What Maxim observes in tool calls:

The complete tool schema and definitions
Which tools are invoked and with what parameters
The model's decision-making process for tool selection
Success/failure rates of tool invocations
Parameter validation and schema compliance

Step 8: JSON Mode Response Monitoring

Finally, let's implement structured JSON responses with full observability:

from pydantic import BaseModel, Field

# Define our response schema
class CityInfo(BaseModel):
    winner: str

# Make a structured request
chat_completion = llm.chat.completions.create(
    response_format={
        "type": "json_schema",
        "json_schema": {
            "name": "Result",
            "schema": CityInfo.model_json_schema()
        }
    },
    messages=[
        {
            "role": "user",
            "content": "Who won the US presidential election in 2012? Reply just in one JSON.",
        },
    ],
)

print(repr(chat_completion.choices[0].message.content))

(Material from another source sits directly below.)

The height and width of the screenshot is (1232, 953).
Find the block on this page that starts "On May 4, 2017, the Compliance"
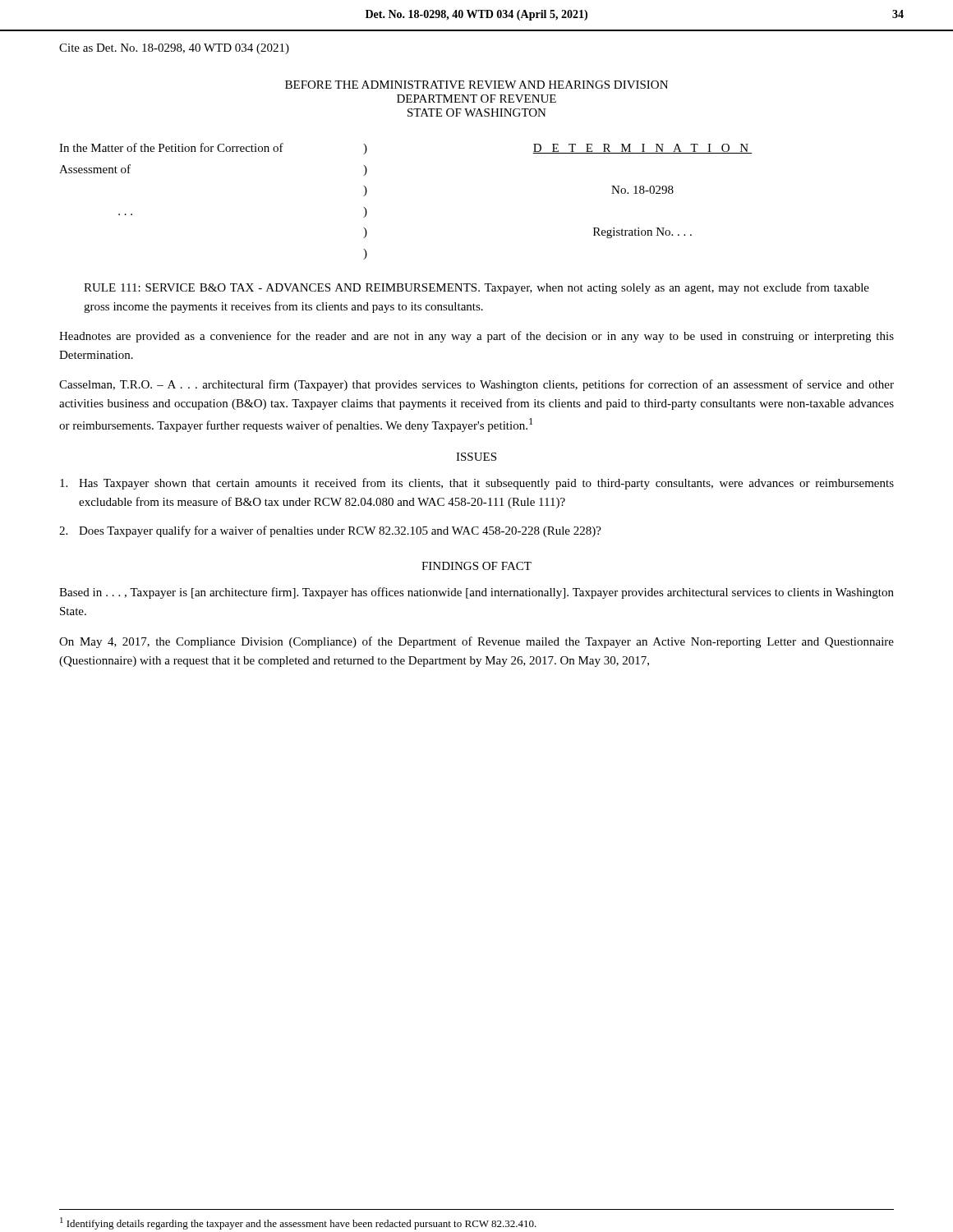coord(476,651)

JSON Mode observability insights:

Schema compliance validation
JSON parsing success/failure rates
Response structure consistency
Field population accuracy

0:00

/0:20

Check your Logs from Fireworks on Maxim showing Tool Calls & JSON Mode Responses

Understanding Your Observability Data

With Maxim integration, you gain access to:

Performance Metrics

Latency Distribution: Understand response time patterns
Token Usage: Track input/output tokens for cost optimization
Success Rates: Monitor API reliability and error patterns

Best Practices for AI Observability

Log Everything: Don't be selective - comprehensive logging reveals unexpected patterns. Maxim allows you to enable session level & node level evaluations too on your logs.
Monitor Continuously: Set up alerts for anomalies in performance or behavior. Maxim provides Real Time Alerting using Slack & Pagerduty.
Version Control: Track model versions and their performance characteristics
Cost Tracking: Monitor token usage to optimize for both performance and cost
Privacy Compliance: Ensure logging practices meet data protection requirements

Conclusion

Integrating Maxim with Fireworks AI provides unprecedented visibility into your AI application's behavior. From simple completions to complex tool calls and structured JSON responses, every interaction is captured and analyzed. This observability foundation enables you to:

Build more reliable AI applications
Optimize performance and costs
Debug complex issues quickly
Ensure consistent user experiences

The combination of Fireworks AI's powerful models and Maxim's comprehensive observability creates a production-ready foundation for sophisticated AI applications. Start monitoring your AI interactions today and unlock the insights hidden in your model's behavior.